Olena Kamenetska-Ostapchuk (Lviv, Ukraine, 1964) - To sit on a bench in the park
Elogio della caducità
di Franco Filippazzi
Il giardino della piazza è popolato, ci sono mamme con bambini che corrono, pensionati che leggono le notizie sul tablet e c’è anche un clochard addormentato su un prato.
Arrivano due signori che si siedono sull’unica panchina libera. Non si conoscono, si salutano.
Uno è un signore anziano, coi capelli grigi, l’altro invece è un giovane di comune aspetto.
Un bambino passa davanti alla panchina, li guarda e fa loro un sorriso.
“Assomiglia a uno dei miei nipoti”, dice l’anziano. Poi, dopo una pausa, continua:
“Io ho ormai tanti anni e sempre più spesso mi trovo a pensare al dopo. Non sono pensieri allegri. C’è però un fatto che mi consola è cioè l’eredità di affetti, il ricordo di chi mi ha voluto bene, la mia famiglia, gli amici. Sono cose immateriali, impalpabili che però danno un senso al dopo, a quando non ci sarò più.”
Il giovane seduto sulla panchina ha ascoltato con espressione meditabonda, un po’ sfuggente. Comunque interviene a commento di quanto ha detto il signore seduto accanto.
“Caro signore, i suoi sono pensieri che l’uomo fa da tanto tempo, da quando ha avuto il cosiddetto bene dell’intelletto. Ma c’è anche un altro modo per affrontare il problema dell’esistenza.”
Il signore anziano guarda un po’ perplesso il suo interlocutore. Poi chiede: “Come sarebbe a dire?”
Il giovane rimane un attimo soprapensiero, poi risponde.
“Restare vivi nel ricordo degli esseri umani con cui abbiamo condiviso l’avventura di vivere è una soluzione affascinante, che possiamo definire spiritualistica.
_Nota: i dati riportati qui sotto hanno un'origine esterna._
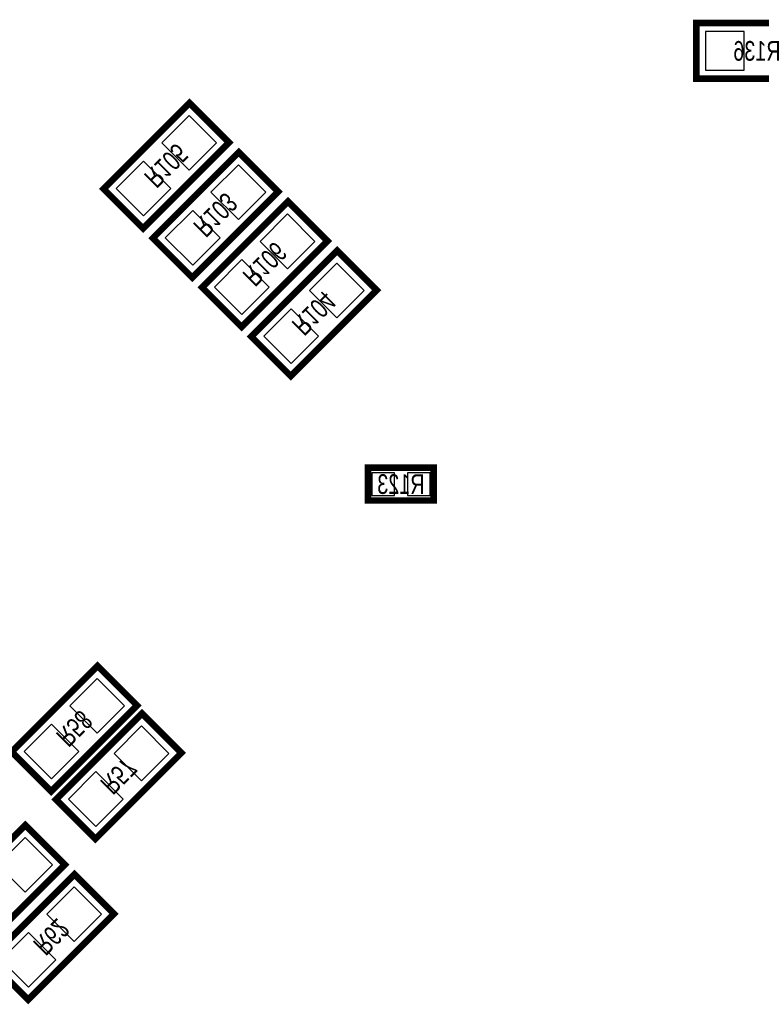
# Model space of a CAD drawing. Extents: x 0 to 125, y -7 to 87.
# Tile 5 of 13: x 44 to 55, y 36 to 51. Entities that reach past the tile are written whole.
import ezdxf
from ezdxf.enums import TextEntityAlignment as Align

# ---------------------------------------------------------------- set-up
doc = ezdxf.new("R2010")
doc.units = 0
for name, color, linetype in [('PG_SILKSCREEN_BOTTOM', 150, 'CONTINUOUS'), ('PIN_BOTTOM', 202, 'CONTINUOUS'), ('RD_SILKSCREEN_BOTTOM', 150, 'CONTINUOUS')]:
    doc.layers.add(name, color=color, linetype=linetype)

msp = doc.modelspace()

# ---------------------------------------------------------------- linework, layer by layer
at = {"layer": 'PG_SILKSCREEN_BOTTOM', "const_width": 0.1016}
for points in [[(54.0512, 50.3682), (55.9308, 50.3682), (55.9308, 51.2318), (54.0512, 51.2318), (54.0512, 50.3682)], [(46.206207, 49.991874), (44.877126, 48.662793), (45.487793, 48.052126), (46.816874, 49.381207), (46.206207, 49.991874)], [(46.968207, 49.229874), (45.639126, 47.900793), (46.249793, 47.290126), (47.578874, 48.619207), (46.968207, 49.229874)], [(47.730207, 48.467874), (46.401126, 47.138793), (47.011793, 46.528126), (48.340874, 47.857207), (47.730207, 48.467874)], [(48.492207, 47.705874), (47.163126, 46.376793), (47.773793, 45.766126), (49.102874, 47.095207), (48.492207, 47.705874)], [(49.9872, 43.8404), (48.9712, 43.8404), (48.9712, 44.3484), (49.9872, 44.3484), (49.9872, 43.8404)], [(44.065393, 39.339926), (45.394474, 40.669007), (44.783807, 41.279674), (43.454726, 39.950593), (44.065393, 39.339926)], [(44.751193, 38.603326), (46.080274, 39.932407), (45.469607, 40.543074), (44.140526, 39.213993), (44.751193, 38.603326)], [(42.947793, 36.876126), (44.276874, 38.205207), (43.666207, 38.815874), (42.337126, 37.486793), (42.947793, 36.876126)], [(44.428207, 38.053874), (43.099126, 36.724793), (43.709793, 36.114126), (45.038874, 37.443207), (44.428207, 38.053874)]]:
    msp.add_lwpolyline(points, dxfattribs=at)
at = {"layer": 'PIN_BOTTOM'}
for points in [[(54.191433, 51.099695), (54.191433, 50.500305), (54.790823, 50.500305), (54.790823, 51.099695)], [(46.624299, 49.375466), (46.200466, 49.799299), (45.776634, 49.375466), (46.200466, 48.951634)], [(45.917366, 48.668534), (45.493534, 49.092366), (45.069701, 48.668534), (45.493534, 48.244701)], [(47.386299, 48.613466), (46.962466, 49.037299), (46.538634, 48.613466), (46.962466, 48.189634)], [(46.679366, 47.906534), (46.255534, 48.330366), (45.831701, 47.906534), (46.255534, 47.482701)], [(48.148299, 47.851466), (47.724466, 48.275299), (47.300634, 47.851466), (47.724466, 47.427634)], [(47.441366, 47.144534), (47.017534, 47.568366), (46.593701, 47.144534), (47.017534, 46.720701)], [(48.910299, 47.089466), (48.486466, 47.513299), (48.062634, 47.089466), (48.486466, 46.665634)], [(48.203366, 46.382534), (47.779534, 46.806366), (47.355701, 46.382534), (47.779534, 45.958701)], [(49.379124, 43.919394), (49.379124, 44.269406), (49.029112, 44.269406), (49.029112, 43.919394)], [(49.929288, 43.919394), (49.929288, 44.269406), (49.579276, 44.269406), (49.579276, 43.919394)], [(44.354234, 40.663266), (44.778066, 40.239434), (45.201899, 40.663266), (44.778066, 41.087099)], [(43.647301, 39.956334), (44.071134, 39.532501), (44.494966, 39.956334), (44.071134, 40.380166)], [(45.040034, 39.926666), (45.463866, 39.502834), (45.887699, 39.926666), (45.463866, 40.350499)], [(44.333101, 39.219734), (44.756934, 38.795901), (45.180766, 39.219734), (44.756934, 39.643566)], [(43.236634, 38.199466), (43.660466, 37.775634), (44.084299, 38.199466), (43.660466, 38.623299)], [(44.846299, 37.437466), (44.422466, 37.861299), (43.998634, 37.437466), (44.422466, 37.013634)], [(44.139366, 36.730534), (43.715534, 37.154366), (43.291701, 36.730534), (43.715534, 36.306701)]]:
    msp.add_lwpolyline(points, close=True, dxfattribs=at)

# ---------------------------------------------------------------- texts
at = {"layer": 'RD_SILKSCREEN_BOTTOM', "text_generation_flag": 2, "width": 0.75}
for s, p in [('R136', (54.991, 50.6476)), ('R123', (49.4792, 43.942))]:
    msp.add_text(s, height=0.3048, dxfattribs=at).set_placement(p, align=Align.CENTER)
for s, p in [('R105', (45.739456, 49.129975)), ('R103', (46.501456, 48.367975)), ('R106', (47.263456, 47.605975)), ('R104', (48.025456, 46.843975)), ('R58', (44.317056, 40.417775)), ('R57', (45.002856, 39.681175)), ('R62', (43.961456, 37.191975))]:
    msp.add_text(s, height=0.3048, rotation=225, dxfattribs=at).set_placement(p, align=Align.CENTER)

doc.saveas('drawing.dxf')

L’alternativa cui io mi riferivo è invece, per così dire, materialistica. La scienza e la tecnologia possono dare facoltà umane alle macchine, fino a farle diventare indistinguibili dall’uomo. Ma con una differenza fondamentale: le macchine possono funzionare all’infinito, sostituendo via via i pezzi usurati. In sostanza, sono entità che, in linea teorica, possono non avere un fine vita.”
L’anziano scuote il capo: “Caro giovanotto, noi due abbiamo concezioni diverse di ciò che significa il mondo e la vita. Ci sarebbe molto da dire sull’argomento. Tutto sommato, io sono favorevole alla caducità della vita terrena. Che barba una vita eterna, cose da robot!”
Il giovanotto sorride, guarda l’orologio, si alza e si dirige verso un edificio vicino. Sulla facciata lampeggia la parola “Hotel”, nell’atrio di ingresso c’è una targa con scritto “Riservato ai robot”.